These are heady days for Vikings general manager Rick Spielman.
The clock is ticking down to the 2012 NFL season kicking into full gear with the NFL Scouting Combine this week and the start of free agency next month. For the first time in his tenure with the Vikings, Spielman has the wheel of the Vikings ship in both his hands.
Spielman had a role with the team back when he had a much longer title than general manager – vice president of player personnel – but Brad Childress was already dug in as the "shot-caller" on the team. Two words: Brett Favre. CSI team found Chilly's prints everywhere. The Triangle of Authority was more like the Tripod of Authority with one dominant leg and two subordinate legs. It's physics. It just is. Spielman had his role, but it seemed akin to Scottie Pippen's role with the Chicago Bulls. He may have been riding shotgun, but Chilly was doing the drivin'.
That has all changed. Spielman has played a significant role in the building of the Vikings as they currently stand – for better or worse. In 2009, the team caught lightning in a bottle – casual fans should be reminded of the electricity that provided. Sunday afternoon became Must-See TV. The last two years have transformed the team from lightning in a bottle to telling the bartender, "Leave the bottle."
In 2010, the Vikings were an NFL rarity. At this time two years ago, Vikings fans were still suffering the hangover of the heart-wrenching defeat in the NFC Championship Game, but, as the plan seemed entrenched, all 22 starters from 2009 were coming back. The plan was in place. Childress got his contract extended. The intent was that it would be a lot of the same for a lot of years.

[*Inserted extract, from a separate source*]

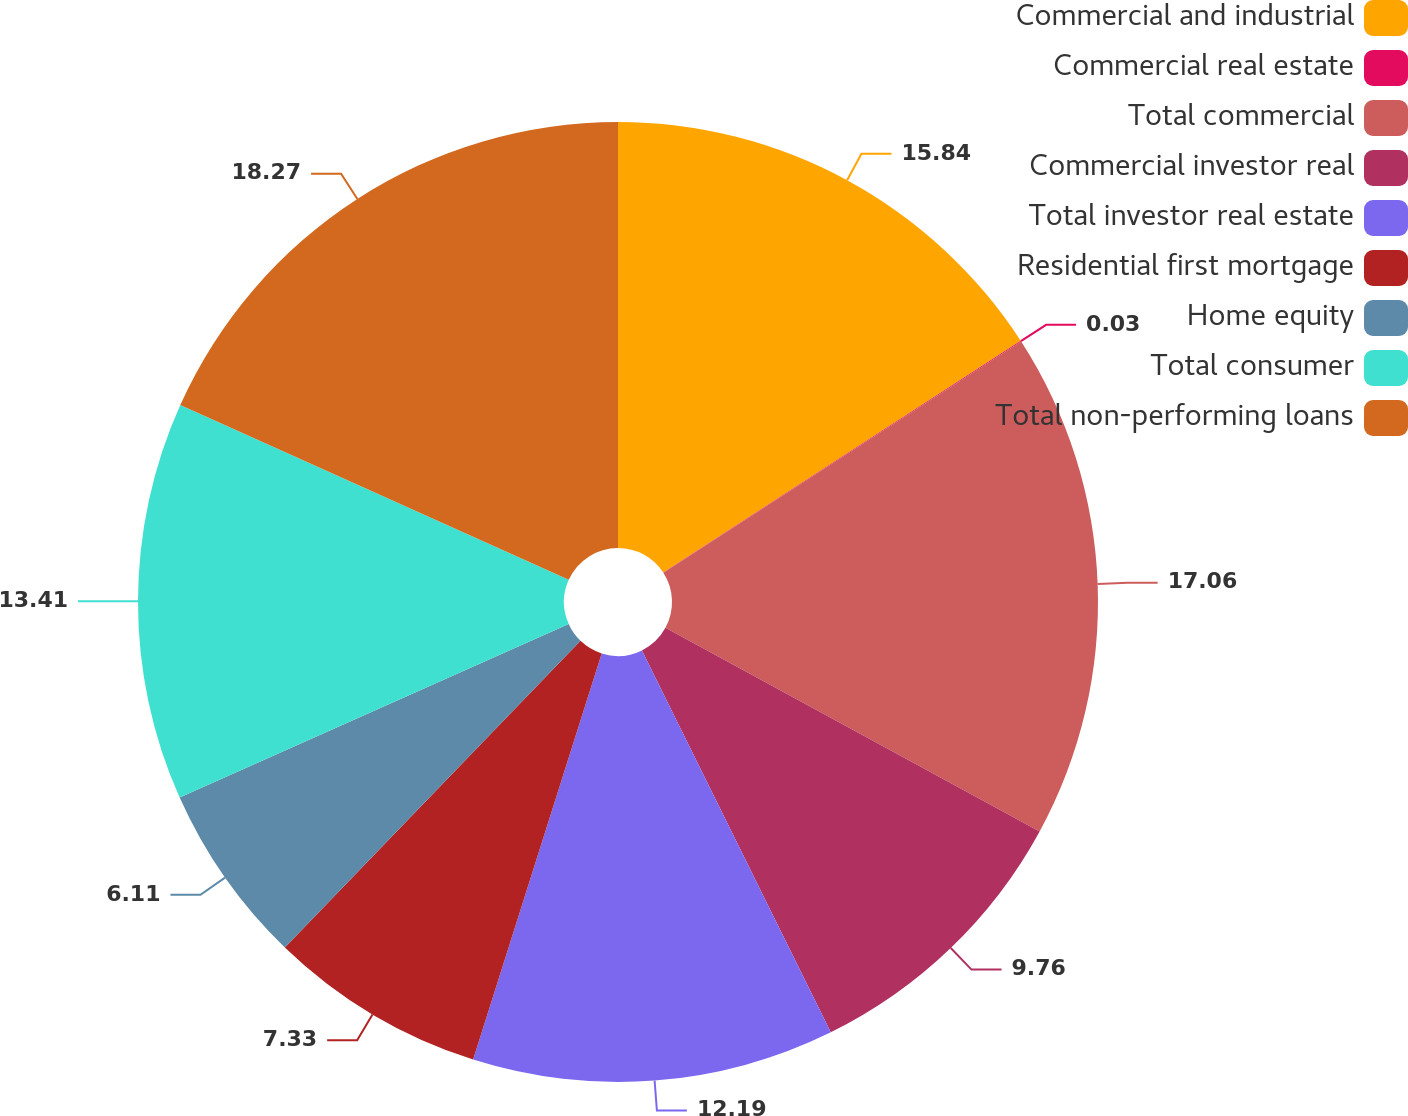Convert chart to OTSL. <chart><loc_0><loc_0><loc_500><loc_500><pie_chart><fcel>Commercial and industrial<fcel>Commercial real estate<fcel>Total commercial<fcel>Commercial investor real<fcel>Total investor real estate<fcel>Residential first mortgage<fcel>Home equity<fcel>Total consumer<fcel>Total non-performing loans<nl><fcel>15.84%<fcel>0.03%<fcel>17.06%<fcel>9.76%<fcel>12.19%<fcel>7.33%<fcel>6.11%<fcel>13.41%<fcel>18.27%<nl></chart>

The team played out its bizarre mathematical rise and fall – showing a consistent rise in wins from the time Childress took over (6-8-10-12) to doing a face-plant that halved the win total twice (12-6-3).
Good teams don't pick third in the draft. That was for the Rams, Browns, Bengals, Buccaneers and teams of their ilk – not the Vikings.
Spielman finds himself on the cusp of history – both for the franchise and himself. He heads to the combine this week knowing that players that impress him are going to be Vikings. It's a completely different dynamic than he has had in his tenure.
Based on his evaluations of the college talent, he can, for example, come up with his Plan A for offensive tackle and wide receiver in this year's draft crop and Plans B-D (knowing Spielman, it would be Plans B-Z – the guy goes deep on evaluations) in the works depending on how the dominoes fall on draft weekend.
It may well be his evaluations this week that determine the Vikings' future – short-term and long-term.
Spielman, if he chooses, can blow up the existing locker room and start to build the team in his own image. As it currently stands, the Vikings are under the salary cap by figures estimated between $9-11 million. Depending on Spielman's mood, he can "keep the band together" or fashion is a roster based on his view.
Expect the latter. The combine will be the litmus test, but free agency will be the acid test.
Spielman can open more than $21 million in cap space to spend in the free-agent market by releasing three players under contract – guards Steve Hutchinson and Anthony Herrera and cornerback Cedric Griffin. In the big-term picture, the decision seems easy. But releasing both starting guards – although oft-injured the last two years – would be a dicey proposition with the unknowns of who could fill those spots. It would pose the question, "Do you think their injuries contributed to the drop in production?" If such a bold move is made in March, a plan needs to be in place. Unfortunately, the St. Louis Rams hold all the cards on draft day.
The conventional February wisdom has it that somebody is going to move up to the second pick to take QB Robert Griffin III – taking two QBs off the board and, in the minds of Vikings fans, giving the Vikings the first pick in the draft. The investment in Christian Ponder last year is still in the seed germination phase and it's too soon to dip the bucket back in the QB well.
As such, Spielman can release both Hutch and Herrera, convinced Matt Kalil is going to be his left tackle and Charlie Johnson can move inside to guard. A guard who perks Spielman's ears at the Combine can complete that piece of the puzzle in the middle rounds of the draft.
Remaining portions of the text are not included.